Below is a listing to repeat exactly, with its pictures left out.

+-------+

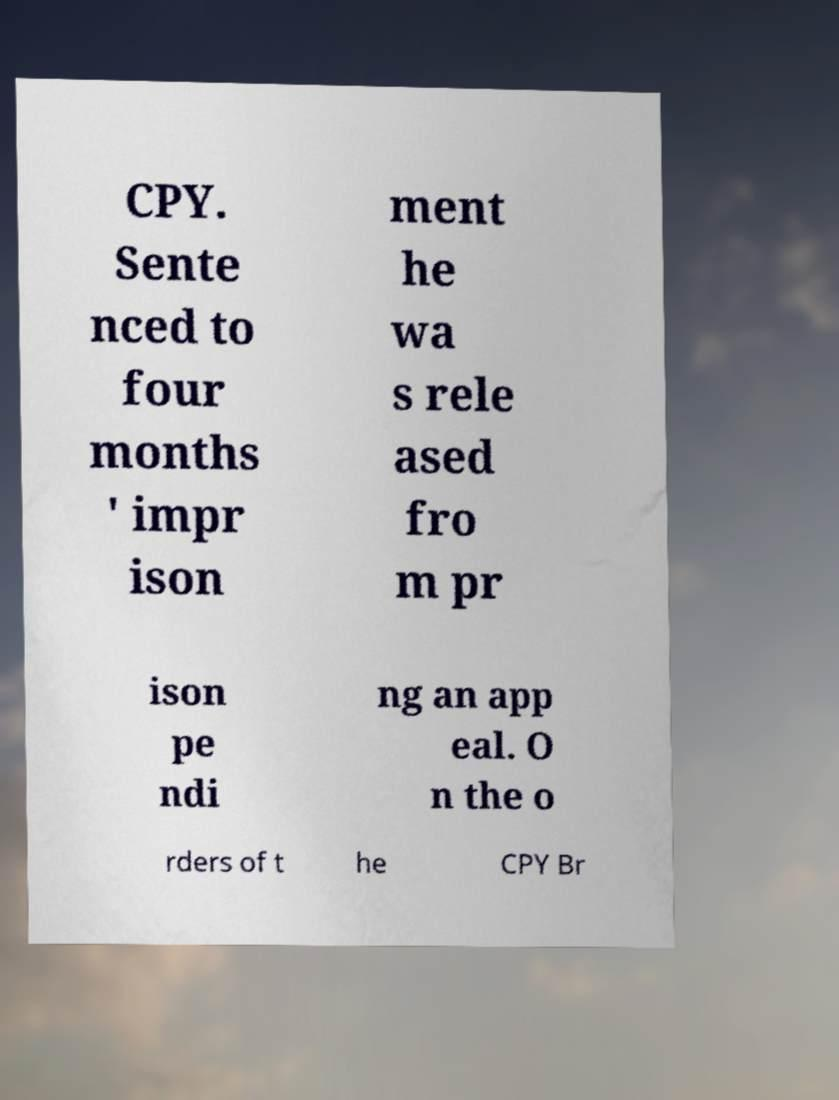For documentation purposes, I need the text within this image transcribed. Could you provide that? CPY. Sente nced to four months ' impr ison ment he wa s rele ased fro m pr ison pe ndi ng an app eal. O n the o rders of t he CPY Br 
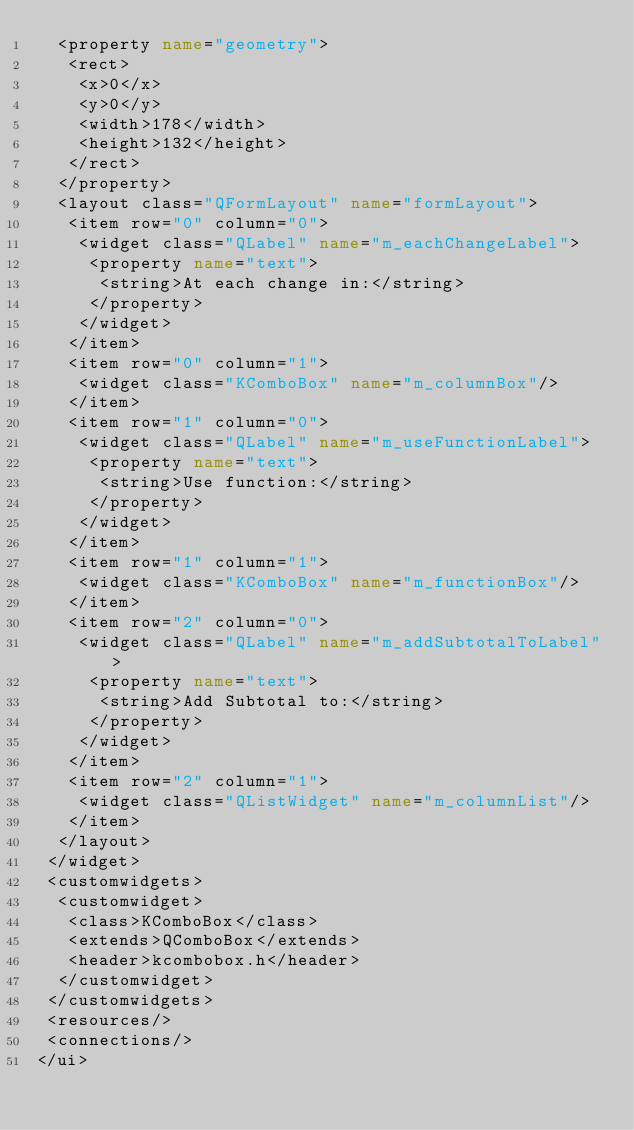<code> <loc_0><loc_0><loc_500><loc_500><_XML_>  <property name="geometry">
   <rect>
    <x>0</x>
    <y>0</y>
    <width>178</width>
    <height>132</height>
   </rect>
  </property>
  <layout class="QFormLayout" name="formLayout">
   <item row="0" column="0">
    <widget class="QLabel" name="m_eachChangeLabel">
     <property name="text">
      <string>At each change in:</string>
     </property>
    </widget>
   </item>
   <item row="0" column="1">
    <widget class="KComboBox" name="m_columnBox"/>
   </item>
   <item row="1" column="0">
    <widget class="QLabel" name="m_useFunctionLabel">
     <property name="text">
      <string>Use function:</string>
     </property>
    </widget>
   </item>
   <item row="1" column="1">
    <widget class="KComboBox" name="m_functionBox"/>
   </item>
   <item row="2" column="0">
    <widget class="QLabel" name="m_addSubtotalToLabel">
     <property name="text">
      <string>Add Subtotal to:</string>
     </property>
    </widget>
   </item>
   <item row="2" column="1">
    <widget class="QListWidget" name="m_columnList"/>
   </item>
  </layout>
 </widget>
 <customwidgets>
  <customwidget>
   <class>KComboBox</class>
   <extends>QComboBox</extends>
   <header>kcombobox.h</header>
  </customwidget>
 </customwidgets>
 <resources/>
 <connections/>
</ui>
</code>

+-------+

_RESPONSE:_
For documentation purposes, I need the text within this image transcribed. Could you provide that? CPY. Sente nced to four months ' impr ison ment he wa s rele ased fro m pr ison pe ndi ng an app eal. O n the o rders of t he CPY Br 
<code> <loc_0><loc_0><loc_500><loc_500><_XML_>  <property name="geometry">
   <rect>
    <x>0</x>
    <y>0</y>
    <width>178</width>
    <height>132</height>
   </rect>
  </property>
  <layout class="QFormLayout" name="formLayout">
   <item row="0" column="0">
    <widget class="QLabel" name="m_eachChangeLabel">
     <property name="text">
      <string>At each change in:</string>
     </property>
    </widget>
   </item>
   <item row="0" column="1">
    <widget class="KComboBox" name="m_columnBox"/>
   </item>
   <item row="1" column="0">
    <widget class="QLabel" name="m_useFunctionLabel">
     <property name="text">
      <string>Use function:</string>
     </property>
    </widget>
   </item>
   <item row="1" column="1">
    <widget class="KComboBox" name="m_functionBox"/>
   </item>
   <item row="2" column="0">
    <widget class="QLabel" name="m_addSubtotalToLabel">
     <property name="text">
      <string>Add Subtotal to:</string>
     </property>
    </widget>
   </item>
   <item row="2" column="1">
    <widget class="QListWidget" name="m_columnList"/>
   </item>
  </layout>
 </widget>
 <customwidgets>
  <customwidget>
   <class>KComboBox</class>
   <extends>QComboBox</extends>
   <header>kcombobox.h</header>
  </customwidget>
 </customwidgets>
 <resources/>
 <connections/>
</ui>
</code>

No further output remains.